Django - short non-linear non-predictable ID in the URL

Question

I know there are similar questions (like this, this, this and this) but I have specific requirements and looking for a less-expensive way to do the following (on Django 1.10.2):

Looking to not have sequential/guessable integer ids in the URLs and ideally meet the following requirements:

• Avoid UUIDs since that makes the URL really long.
• Avoid a custom primary key. It doesn’t seem to work well if the models have ManyToManyFields. Got affected by at least three bugs while trying that (#25012, #24030 and #22997), including messing up the migrations and having to delete the entire db and recreating the migrations (well, lots of good learning too)
• Avoid checking for collisions if possible (hence avoid a db lookup for every insert)
• Don’t just want to look up by the slug since it’s less performant than just looking up an integer id.
• Don’t care too much about encrypting the id - just don’t want it to be a visibly sequential integer.

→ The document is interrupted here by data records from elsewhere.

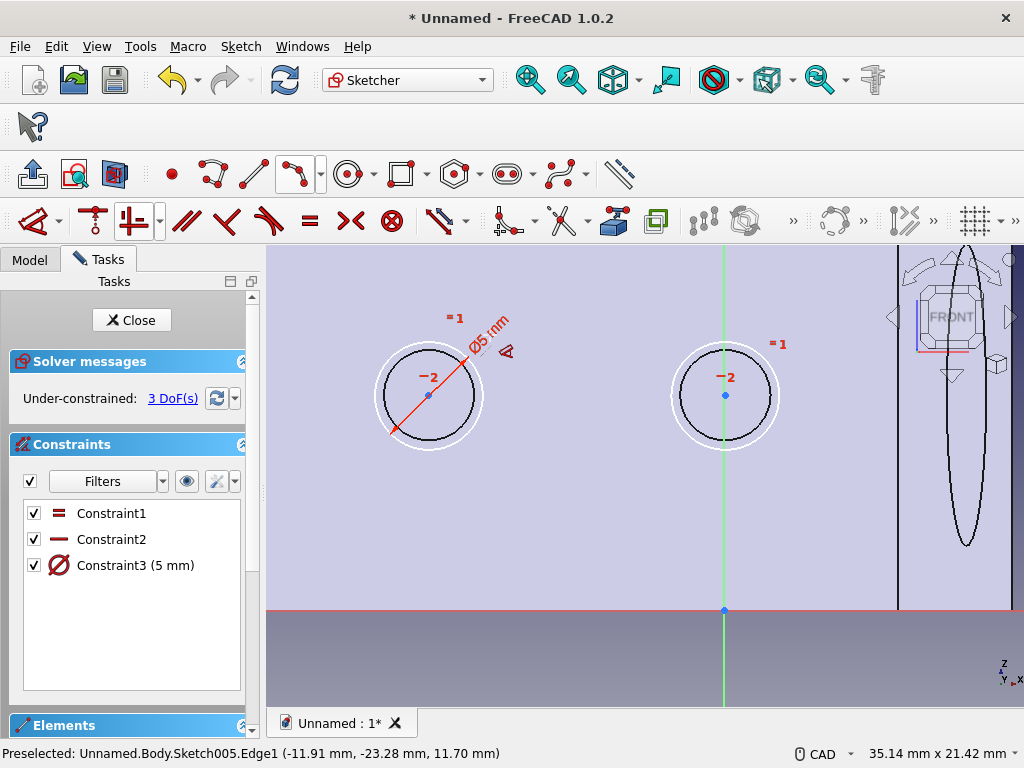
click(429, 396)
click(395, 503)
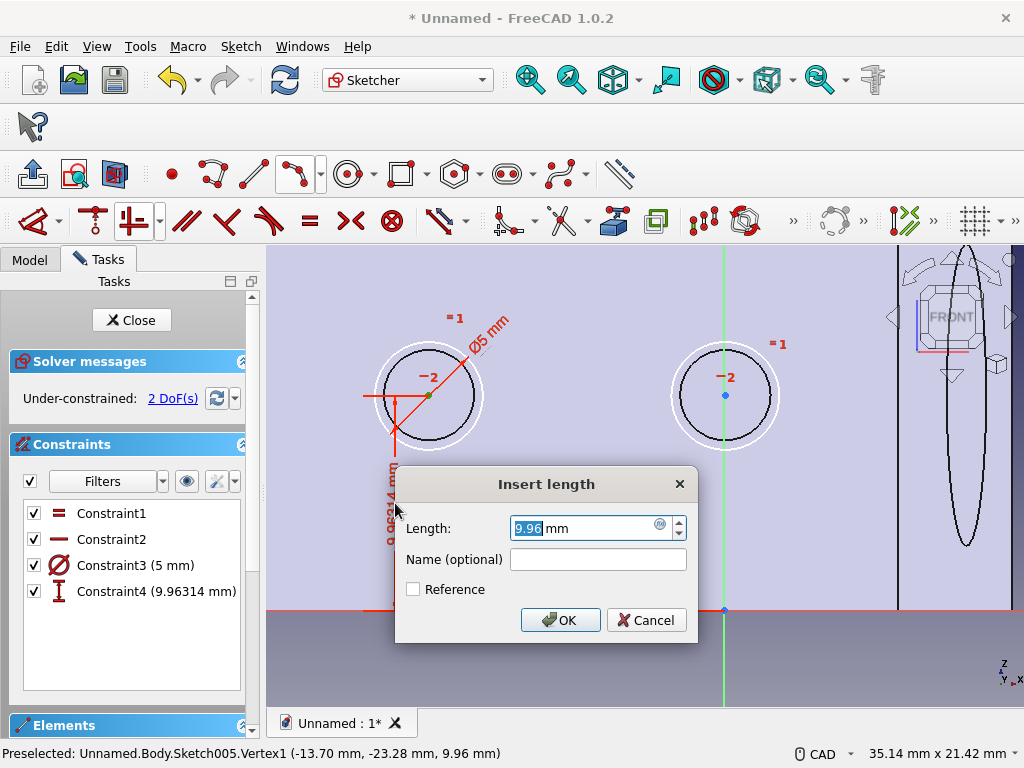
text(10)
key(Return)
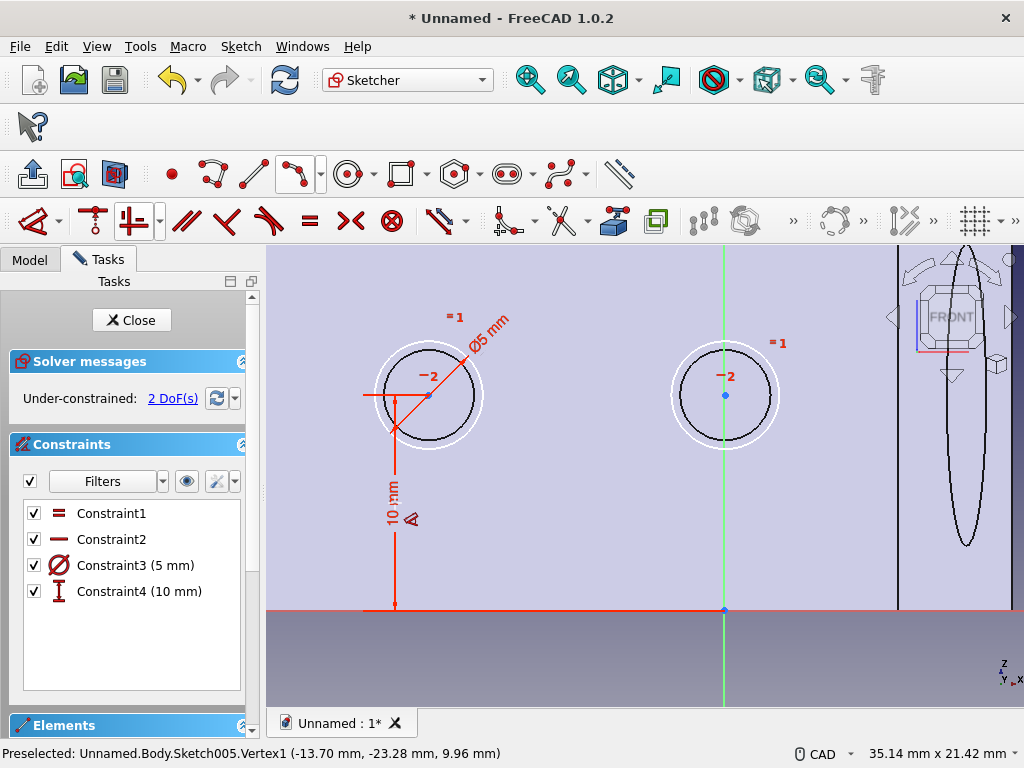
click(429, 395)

Note: The app would likely have 5 million records or so in the long term.

Answer 1

After researching a lot of options on SO, blogs etc., I ended up doing the following:

• Encoding the id to base32 only for the URLs and decoding it back in urls.py (using an edited version of Django’s util functions to encode to base 36 since I needed uppercase letters instead of lowercase).
• Not storing the encoded id anywhere. Just encoding and decoding everytime on the fly.
• Keeping the default id intact and using it as primary key.

(good hints, posts and especially this comment helped a lot)

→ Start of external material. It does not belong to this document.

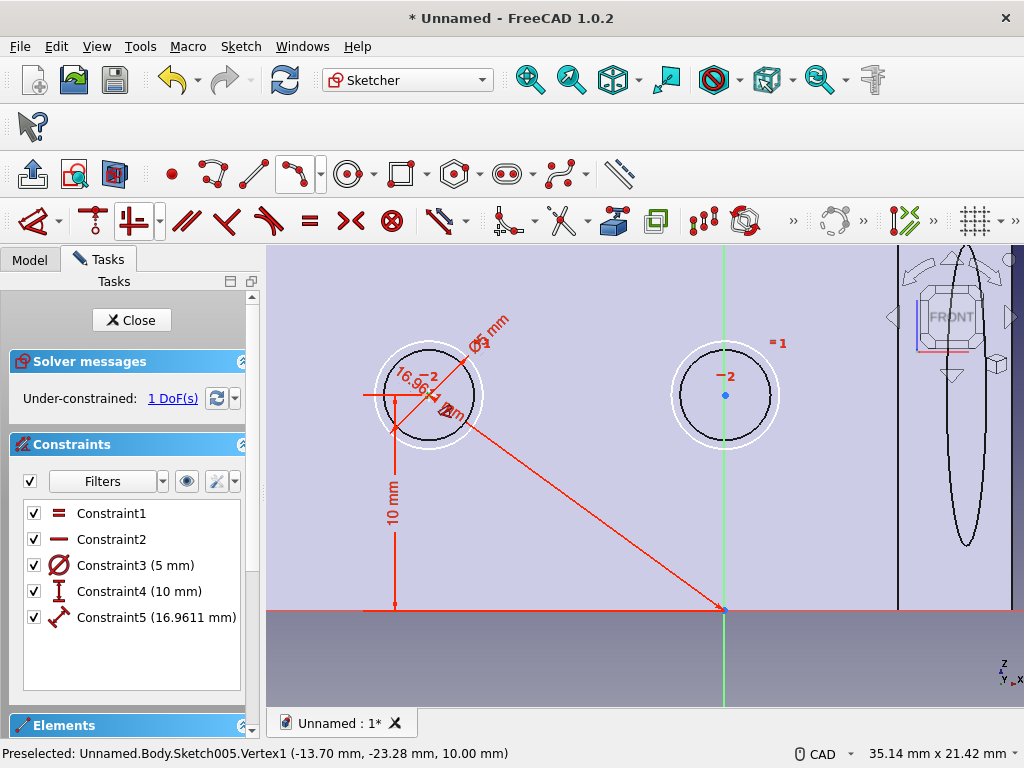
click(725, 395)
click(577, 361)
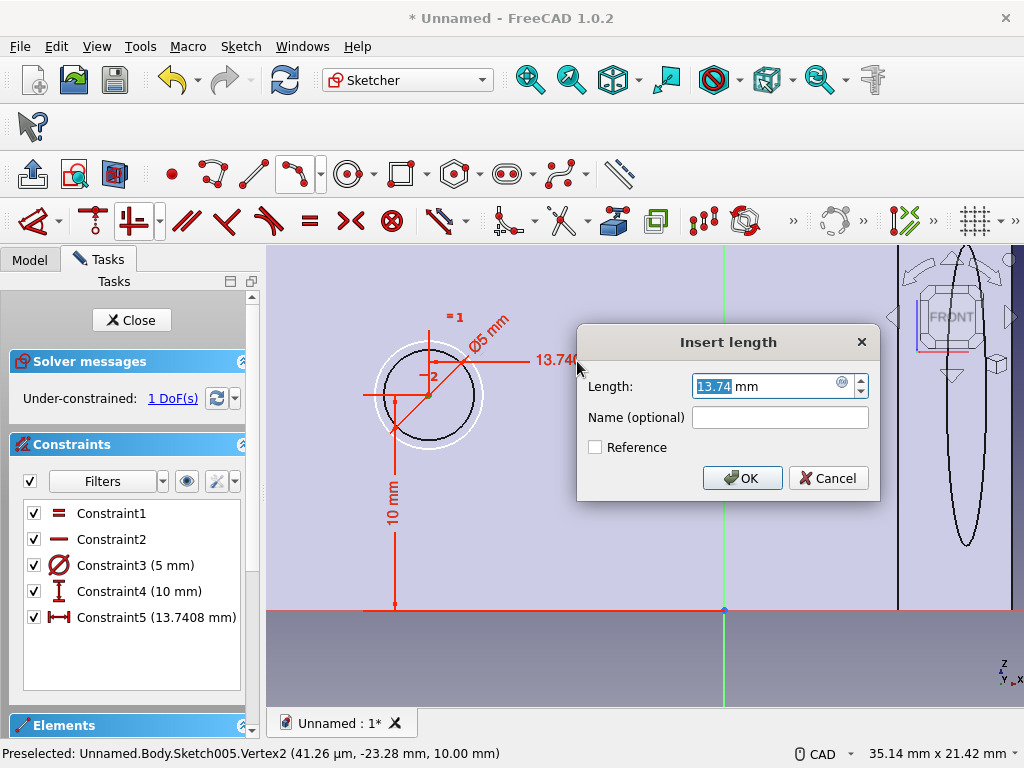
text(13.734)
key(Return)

What this solution helps achieve:

1. Absolutely no edits to models or post_save signals.
2. No collision checks needed. Avoiding one extra request to the db.
3. Lookup still happens on the default id which is fast. Also, no double save()requests on the model for every insert.
4. Short and sweet encoded ID (the number of characters go up as the number of records increase but still not very long)

What it doesn’t help achieve/any drawbacks:

1. Encryption - the ID is encoded but not encrypted, so the user may still be able to figure out the pattern to get to the id (but I dont care about it much, as mentioned above).
2. A tiny overhead of encoding and decoding on each URL construction/request but perhaps that’s better than collision checks and/or multiple save() calls on the model object for insertions.

For reference, looks like there are multiple ways to generate random IDs that I discovered along the way (like Django’s get_random_string, Python’s random, Django’s UUIDField etc.) and many ways to encode the current ID (base 36, base 62, XORing, and what not). The encoded ID can also be stored as another (indexed) field and looked up every time (like here) but depends on the performance parameters of the web app (since looking up a varchar id is less performant that looking up an integer id). This identifier field can either be saved from a overwritten model’s save() function, or by using a post_save() signal (see here) (while both approaches will need the save() function to be called twice for every insert).

All ears to optimizations to the above approach. I love SO and the community. Everytime there’s so much to learn here.

Update: After more than a year of this post, I found this great library called hashids which does pretty much the same thing quite well! Its available in many languages including Python.